Its NOT Me

Merokok atau enggak, siapa yang harus toleransi?

oleh DerielHD

9 October 2018

Saya rasa hampir semua orang sepakat bahwa asap rokok itu cukup mengganggu. Apalagi bagi sebagian orang yang alergi terhadap asap rokok. Rasanya ya, jika ada orang yang merokok disamping kita, bawaannya pengen nabok aja. Sulit memang untuk merubah kebiasaan merokok seseorang yang sudah berlangsung bertahun tahun, bahkan puluhan tahun. Saya ingat ketika masa-masa SMP dulu, beberapa dari teman saya sudah mulai merokok, dan hingga saat ini usia mereka sudah menginjak kepala tiga bahkan ada yang sudah kepala 4, merokok seolah tak lepas dari aktifitas sehari-hari.

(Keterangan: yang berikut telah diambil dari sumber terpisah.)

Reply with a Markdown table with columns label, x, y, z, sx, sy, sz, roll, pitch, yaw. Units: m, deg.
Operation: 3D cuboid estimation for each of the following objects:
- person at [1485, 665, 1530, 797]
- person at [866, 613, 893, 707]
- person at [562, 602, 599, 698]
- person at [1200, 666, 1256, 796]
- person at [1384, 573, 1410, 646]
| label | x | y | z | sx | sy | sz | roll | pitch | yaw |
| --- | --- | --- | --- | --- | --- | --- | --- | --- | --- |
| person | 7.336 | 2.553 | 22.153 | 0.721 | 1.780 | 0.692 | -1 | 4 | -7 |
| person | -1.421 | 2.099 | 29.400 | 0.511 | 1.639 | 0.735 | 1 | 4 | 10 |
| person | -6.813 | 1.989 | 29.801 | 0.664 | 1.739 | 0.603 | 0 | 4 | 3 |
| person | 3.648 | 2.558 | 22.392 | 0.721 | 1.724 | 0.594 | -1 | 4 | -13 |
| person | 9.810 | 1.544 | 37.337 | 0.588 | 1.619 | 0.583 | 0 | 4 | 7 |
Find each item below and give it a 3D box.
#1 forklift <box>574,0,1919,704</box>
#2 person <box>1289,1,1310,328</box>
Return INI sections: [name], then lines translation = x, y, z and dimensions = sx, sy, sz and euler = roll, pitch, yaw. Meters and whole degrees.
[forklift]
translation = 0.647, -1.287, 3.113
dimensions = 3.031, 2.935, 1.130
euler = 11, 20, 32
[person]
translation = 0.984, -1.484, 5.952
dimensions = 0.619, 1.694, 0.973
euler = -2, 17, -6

Pertanyaannya, siapa yang harus menahan diri atau bertoleransi? Apakah si perokok atau yang nggak merokok? Pertanyaan ini muncul ketika kami sedang rapat untuk membahas kegiatan yang akan diselenggarakan oleh Yayasan Hidayah Bangsa. Ada panitia yang gak pernah lepas dari yang namanya rokok, setiap memesan ruangan untuk rapat, dia selalu pesennya yang smoking room atau mesennya di luar ruangan supaya dia bisa merokok. Kemudian dengan iseng rekan panitia yang lainnya bertanya, “mengapa kami yang tidak merokok yang harus selalu mengalah?”

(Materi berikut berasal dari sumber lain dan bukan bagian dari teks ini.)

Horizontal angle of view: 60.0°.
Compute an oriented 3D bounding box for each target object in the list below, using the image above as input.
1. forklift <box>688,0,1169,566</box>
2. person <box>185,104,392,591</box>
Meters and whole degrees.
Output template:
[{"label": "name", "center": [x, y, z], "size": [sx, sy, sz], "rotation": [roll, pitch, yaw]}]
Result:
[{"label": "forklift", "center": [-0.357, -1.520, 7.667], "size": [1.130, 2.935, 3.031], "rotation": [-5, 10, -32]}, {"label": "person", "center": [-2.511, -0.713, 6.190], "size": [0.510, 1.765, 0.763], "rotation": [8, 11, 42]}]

baca juga : Harga sebuah pengakuan

Pertanyaan yang saat itu langsung membuat kami semua terdiam. Benar sekali, pada kenyataannya, kita yang tidak merokok memang selalu mengalah, padahal kita adalah korban mereka. Survey membuktikan bahwa yang lebih rentan untuk terkena penyakit yang mematikan atau terkena dampak buruk dari asap rokok justru adalah mereka yang merupakan perokok pasif atau yang menghirup asap yang dihembuskan oleh si perokok. Lantas, kenapa kita harus mengalah? Bukankah itu sama saja dengan kita dengan sengaja memberikan tubuh kita kepada penyakit?

Merokok

Ilustrasi : google

Bagi saya yang seharusya mengalah itu adalah mereka yang merokok, supaya yang sehat tidak menjadi pesakitan seperti mereka. Dan bukankah merupakan suatu hal yang baik jika, demi kesenangan diri sendiri, sanggup untuk membuat orang lain terganggu. Kecuali jika si perokok memang sudah gak punya kepekaan sama sekali atau sudah mati rasa terhadap kemanusiaan.

Hingga saat ini saya masih belum mendengar alasan yang paling masuk akal mengenai mengapa sebagian besar perokok susah untuk berhenti dari kebiasaan buruknya itu. Beberapa orang teman saya yang katanya ingin berhenti malah mengeluhkan betapa sulitnya untuk menghilangkan kebiasaan itu, katanya mulut terasa asam dan pekat hingga akhirnya mereka memutuskan untuk kembali merokok.

baca juga : Manusia tanpa hati

Memang ya, yang namanya lepas dari kebiasaan buruk merupakan hal yang sulit dan sangat membutuhkan niat dari pribadi orang itu sendiri. Tidak ada sesuatupun yang bisa diraih dengan cara yang instan, namun jika tujuannya sudah tercapai, saya yakin ada rasa nikmat yang sangat luar biasa bagi orang tersebut.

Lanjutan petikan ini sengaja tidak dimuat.